The denomination in which I was ordained expected pastors to
practice this kind of evangelism, which left me feeling uncomfortable. I
believed I had a calling to serve Christ but knew I lacked the ability to succeed
in sales, which was regarded as a prerequisite of the calling.
I have come to think of this approach to evangelism as
misguided. Christ’s spokesmen are not salespeople, trying to talk folks into
doing something they would rather not do. They are not door-to-door salesmen, “peddling
the gospel,” as St. Paul scornfully put it. A salesman may be able to manipulate
people into buying a product against their will, but no one ever came to Christ
against their will.
As “witnesses to Christ,” which Jesus clearly expected his
followers to be, a person brings knowledge, gained by experience, to others. He
or she shares the good news, not because it’s expected but because it is
exciting. This is quite different from making a gospel sale.

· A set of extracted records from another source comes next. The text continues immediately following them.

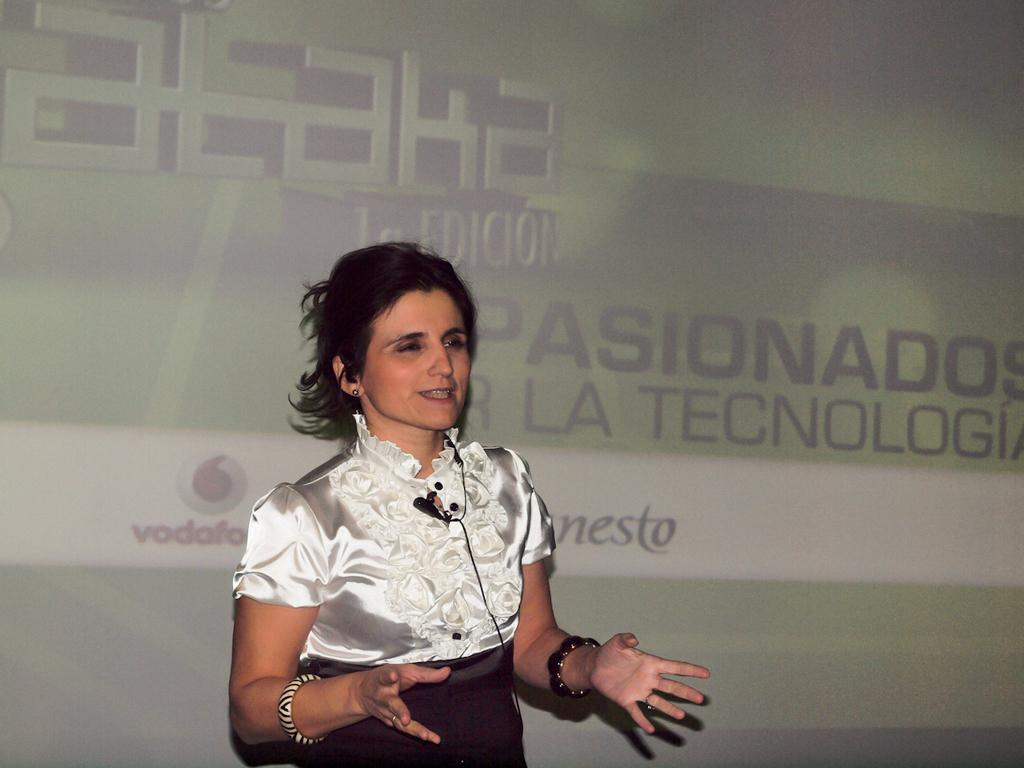Who is present in the image? There is a woman in the image. What is the woman wearing? The woman is wearing a white top. What is the woman doing in the image? The woman's mouth is open, which might suggest she is speaking or singing. What can be seen on the screen in the background of the image? There is text visible on a screen in the background of the image. What type of marble is present on the floor in the image? There is no marble floor visible in the image; it is not mentioned in the provided facts. 
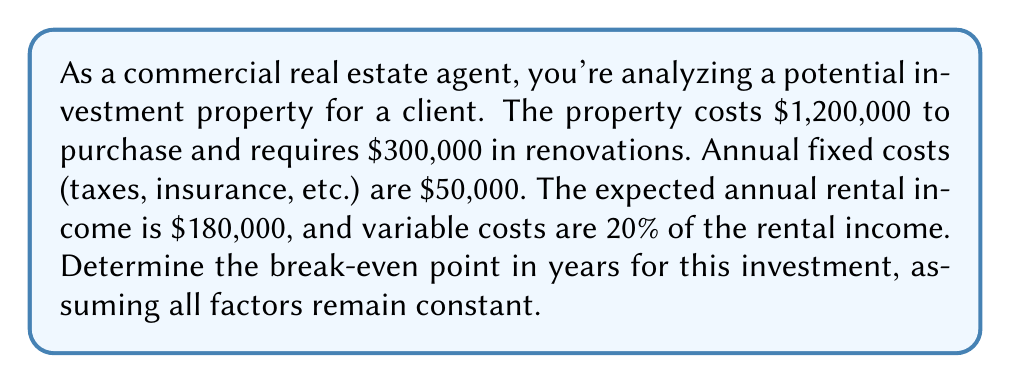Can you solve this math problem? Let's approach this step-by-step:

1) First, we need to calculate the total initial investment:
   Initial Investment = Purchase Price + Renovation Costs
   $$ 1,200,000 + 300,000 = 1,500,000 $$

2) Now, let's calculate the annual net income:
   
   Annual Rental Income: $180,000
   Variable Costs: 20% of $180,000 = $36,000
   Fixed Costs: $50,000

   Annual Net Income = Rental Income - Variable Costs - Fixed Costs
   $$ 180,000 - 36,000 - 50,000 = 94,000 $$

3) The break-even point is when the cumulative net income equals the initial investment. We can set up an equation:

   $$ 94,000x = 1,500,000 $$

   Where $x$ is the number of years to break even.

4) Solve for $x$:
   $$ x = \frac{1,500,000}{94,000} \approx 15.96 $$

5) Since we can't have a partial year in this context, we round up to the next whole year.
Answer: 16 years 
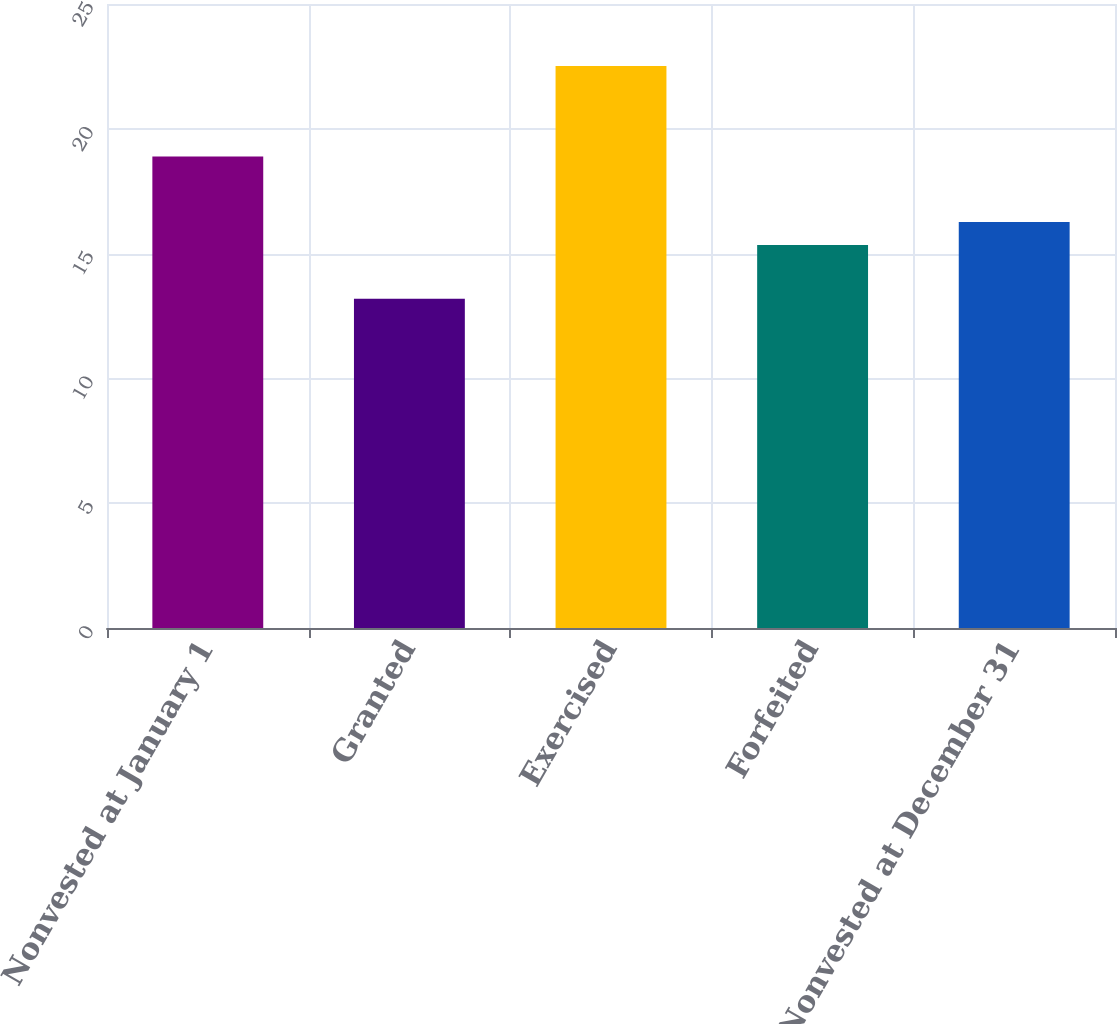Convert chart to OTSL. <chart><loc_0><loc_0><loc_500><loc_500><bar_chart><fcel>Nonvested at January 1<fcel>Granted<fcel>Exercised<fcel>Forfeited<fcel>Nonvested at December 31<nl><fcel>18.89<fcel>13.19<fcel>22.52<fcel>15.34<fcel>16.27<nl></chart> 
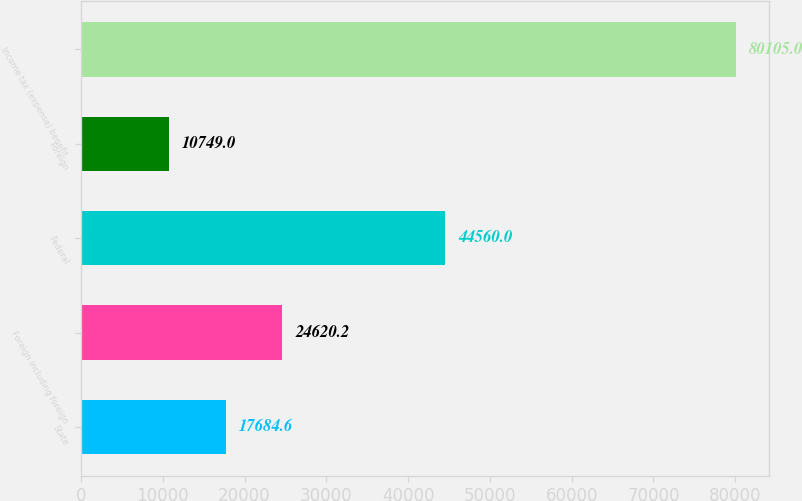Convert chart. <chart><loc_0><loc_0><loc_500><loc_500><bar_chart><fcel>State<fcel>Foreign including foreign<fcel>Federal<fcel>Foreign<fcel>Income tax (expense) benefit<nl><fcel>17684.6<fcel>24620.2<fcel>44560<fcel>10749<fcel>80105<nl></chart> 
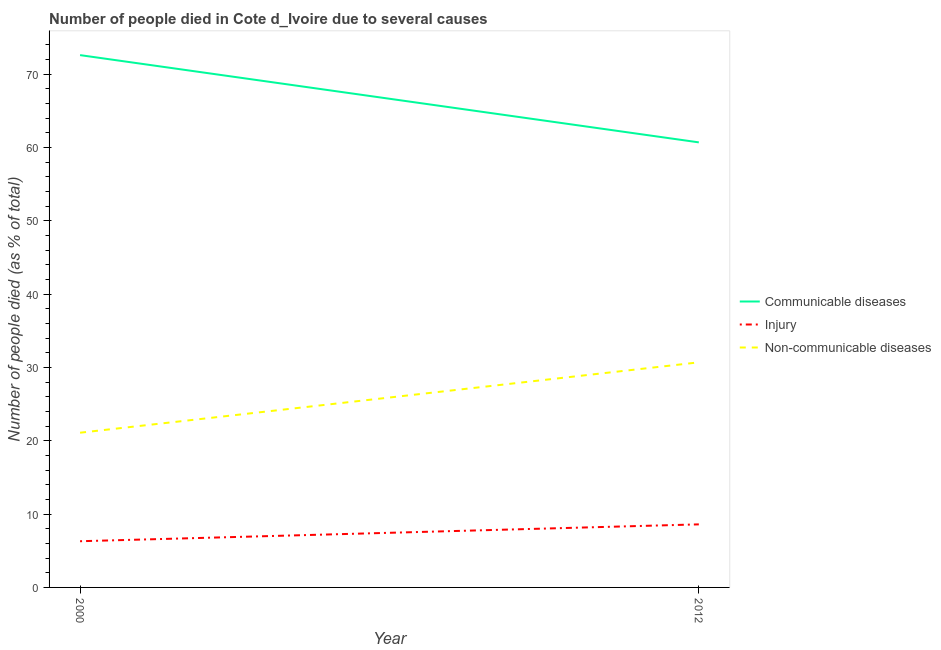What is the number of people who died of communicable diseases in 2000?
Make the answer very short. 72.6. Across all years, what is the maximum number of people who dies of non-communicable diseases?
Make the answer very short. 30.7. Across all years, what is the minimum number of people who died of communicable diseases?
Make the answer very short. 60.7. In which year was the number of people who died of communicable diseases maximum?
Make the answer very short. 2000. What is the total number of people who dies of non-communicable diseases in the graph?
Offer a terse response. 51.8. What is the difference between the number of people who dies of non-communicable diseases in 2000 and that in 2012?
Your response must be concise. -9.6. What is the difference between the number of people who died of communicable diseases in 2012 and the number of people who dies of non-communicable diseases in 2000?
Ensure brevity in your answer.  39.6. What is the average number of people who died of injury per year?
Your answer should be compact. 7.45. In the year 2000, what is the difference between the number of people who dies of non-communicable diseases and number of people who died of injury?
Keep it short and to the point. 14.8. In how many years, is the number of people who died of injury greater than 62 %?
Your answer should be very brief. 0. What is the ratio of the number of people who died of injury in 2000 to that in 2012?
Give a very brief answer. 0.73. Is the number of people who died of communicable diseases in 2000 less than that in 2012?
Make the answer very short. No. In how many years, is the number of people who dies of non-communicable diseases greater than the average number of people who dies of non-communicable diseases taken over all years?
Offer a terse response. 1. Does the number of people who died of communicable diseases monotonically increase over the years?
Offer a very short reply. No. Is the number of people who died of injury strictly greater than the number of people who dies of non-communicable diseases over the years?
Provide a short and direct response. No. What is the difference between two consecutive major ticks on the Y-axis?
Your answer should be very brief. 10. Are the values on the major ticks of Y-axis written in scientific E-notation?
Offer a terse response. No. How many legend labels are there?
Your answer should be compact. 3. How are the legend labels stacked?
Keep it short and to the point. Vertical. What is the title of the graph?
Give a very brief answer. Number of people died in Cote d_Ivoire due to several causes. Does "Fuel" appear as one of the legend labels in the graph?
Ensure brevity in your answer.  No. What is the label or title of the Y-axis?
Provide a short and direct response. Number of people died (as % of total). What is the Number of people died (as % of total) of Communicable diseases in 2000?
Make the answer very short. 72.6. What is the Number of people died (as % of total) of Non-communicable diseases in 2000?
Make the answer very short. 21.1. What is the Number of people died (as % of total) in Communicable diseases in 2012?
Your answer should be compact. 60.7. What is the Number of people died (as % of total) of Injury in 2012?
Your answer should be compact. 8.6. What is the Number of people died (as % of total) of Non-communicable diseases in 2012?
Offer a terse response. 30.7. Across all years, what is the maximum Number of people died (as % of total) in Communicable diseases?
Give a very brief answer. 72.6. Across all years, what is the maximum Number of people died (as % of total) in Non-communicable diseases?
Make the answer very short. 30.7. Across all years, what is the minimum Number of people died (as % of total) of Communicable diseases?
Make the answer very short. 60.7. Across all years, what is the minimum Number of people died (as % of total) in Non-communicable diseases?
Your answer should be very brief. 21.1. What is the total Number of people died (as % of total) of Communicable diseases in the graph?
Offer a terse response. 133.3. What is the total Number of people died (as % of total) of Non-communicable diseases in the graph?
Provide a succinct answer. 51.8. What is the difference between the Number of people died (as % of total) of Non-communicable diseases in 2000 and that in 2012?
Offer a terse response. -9.6. What is the difference between the Number of people died (as % of total) in Communicable diseases in 2000 and the Number of people died (as % of total) in Non-communicable diseases in 2012?
Your response must be concise. 41.9. What is the difference between the Number of people died (as % of total) of Injury in 2000 and the Number of people died (as % of total) of Non-communicable diseases in 2012?
Offer a terse response. -24.4. What is the average Number of people died (as % of total) in Communicable diseases per year?
Offer a terse response. 66.65. What is the average Number of people died (as % of total) of Injury per year?
Give a very brief answer. 7.45. What is the average Number of people died (as % of total) of Non-communicable diseases per year?
Keep it short and to the point. 25.9. In the year 2000, what is the difference between the Number of people died (as % of total) in Communicable diseases and Number of people died (as % of total) in Injury?
Keep it short and to the point. 66.3. In the year 2000, what is the difference between the Number of people died (as % of total) in Communicable diseases and Number of people died (as % of total) in Non-communicable diseases?
Provide a succinct answer. 51.5. In the year 2000, what is the difference between the Number of people died (as % of total) in Injury and Number of people died (as % of total) in Non-communicable diseases?
Offer a very short reply. -14.8. In the year 2012, what is the difference between the Number of people died (as % of total) in Communicable diseases and Number of people died (as % of total) in Injury?
Provide a short and direct response. 52.1. In the year 2012, what is the difference between the Number of people died (as % of total) of Injury and Number of people died (as % of total) of Non-communicable diseases?
Make the answer very short. -22.1. What is the ratio of the Number of people died (as % of total) of Communicable diseases in 2000 to that in 2012?
Your answer should be very brief. 1.2. What is the ratio of the Number of people died (as % of total) in Injury in 2000 to that in 2012?
Provide a short and direct response. 0.73. What is the ratio of the Number of people died (as % of total) in Non-communicable diseases in 2000 to that in 2012?
Provide a succinct answer. 0.69. What is the difference between the highest and the second highest Number of people died (as % of total) of Injury?
Ensure brevity in your answer.  2.3. What is the difference between the highest and the lowest Number of people died (as % of total) of Non-communicable diseases?
Ensure brevity in your answer.  9.6. 
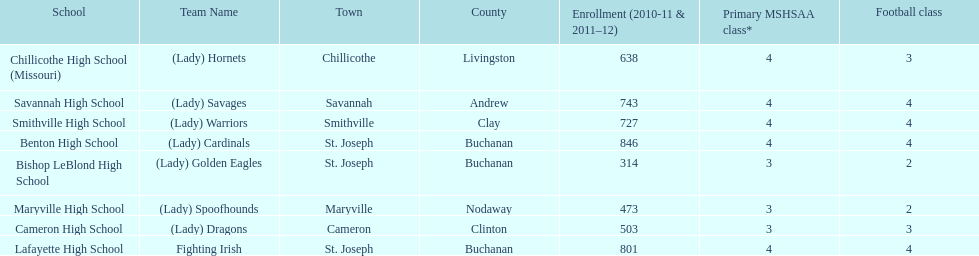How many of the schools had at least 500 students enrolled in the 2010-2011 and 2011-2012 season? 6. I'm looking to parse the entire table for insights. Could you assist me with that? {'header': ['School', 'Team Name', 'Town', 'County', 'Enrollment (2010-11 & 2011–12)', 'Primary MSHSAA class*', 'Football class'], 'rows': [['Chillicothe High School (Missouri)', '(Lady) Hornets', 'Chillicothe', 'Livingston', '638', '4', '3'], ['Savannah High School', '(Lady) Savages', 'Savannah', 'Andrew', '743', '4', '4'], ['Smithville High School', '(Lady) Warriors', 'Smithville', 'Clay', '727', '4', '4'], ['Benton High School', '(Lady) Cardinals', 'St. Joseph', 'Buchanan', '846', '4', '4'], ['Bishop LeBlond High School', '(Lady) Golden Eagles', 'St. Joseph', 'Buchanan', '314', '3', '2'], ['Maryville High School', '(Lady) Spoofhounds', 'Maryville', 'Nodaway', '473', '3', '2'], ['Cameron High School', '(Lady) Dragons', 'Cameron', 'Clinton', '503', '3', '3'], ['Lafayette High School', 'Fighting Irish', 'St. Joseph', 'Buchanan', '801', '4', '4']]} 
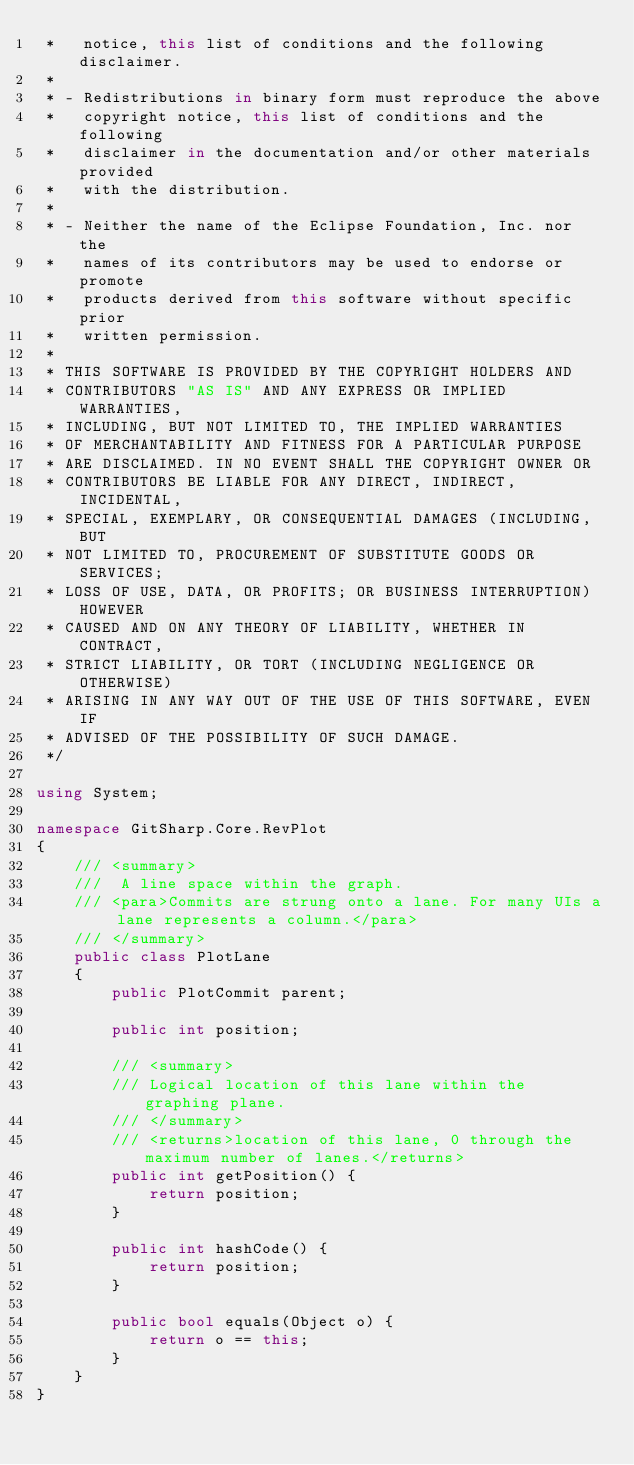<code> <loc_0><loc_0><loc_500><loc_500><_C#_> *   notice, this list of conditions and the following disclaimer.
 *
 * - Redistributions in binary form must reproduce the above
 *   copyright notice, this list of conditions and the following
 *   disclaimer in the documentation and/or other materials provided
 *   with the distribution.
 *
 * - Neither the name of the Eclipse Foundation, Inc. nor the
 *   names of its contributors may be used to endorse or promote
 *   products derived from this software without specific prior
 *   written permission.
 *
 * THIS SOFTWARE IS PROVIDED BY THE COPYRIGHT HOLDERS AND
 * CONTRIBUTORS "AS IS" AND ANY EXPRESS OR IMPLIED WARRANTIES,
 * INCLUDING, BUT NOT LIMITED TO, THE IMPLIED WARRANTIES
 * OF MERCHANTABILITY AND FITNESS FOR A PARTICULAR PURPOSE
 * ARE DISCLAIMED. IN NO EVENT SHALL THE COPYRIGHT OWNER OR
 * CONTRIBUTORS BE LIABLE FOR ANY DIRECT, INDIRECT, INCIDENTAL,
 * SPECIAL, EXEMPLARY, OR CONSEQUENTIAL DAMAGES (INCLUDING, BUT
 * NOT LIMITED TO, PROCUREMENT OF SUBSTITUTE GOODS OR SERVICES;
 * LOSS OF USE, DATA, OR PROFITS; OR BUSINESS INTERRUPTION) HOWEVER
 * CAUSED AND ON ANY THEORY OF LIABILITY, WHETHER IN CONTRACT,
 * STRICT LIABILITY, OR TORT (INCLUDING NEGLIGENCE OR OTHERWISE)
 * ARISING IN ANY WAY OUT OF THE USE OF THIS SOFTWARE, EVEN IF
 * ADVISED OF THE POSSIBILITY OF SUCH DAMAGE.
 */

using System;

namespace GitSharp.Core.RevPlot
{
    /// <summary>
    ///  A line space within the graph.
    /// <para>Commits are strung onto a lane. For many UIs a lane represents a column.</para>
    /// </summary>
    public class PlotLane
    {
        public PlotCommit parent;

        public int position;

        /// <summary>
        /// Logical location of this lane within the graphing plane.
        /// </summary>
        /// <returns>location of this lane, 0 through the maximum number of lanes.</returns>
        public int getPosition() {
            return position;
        }

        public int hashCode() {
            return position;
        }

        public bool equals(Object o) {
            return o == this;
        }
    }
}</code>

Dallas Willard, lamenting what “witnessing” has become, wrote:
“Witnessing is not thought of as bringing knowledge, but as attempts to
convince people to do things … Witnessing has turned into a kind of process of
bothering people, and very few people witness because of this.”
Who wants to bother people?
The best thing church leaders can do to encourage people to share
the good news of Christ is to help them experience the life Jesus envisioned for,
and makes available to, them. As people live the Jesus-way and experience its
superiority, evangelism is the natural outcome. Instead of pushing people to share
the good news, church leaders must help them live the good life.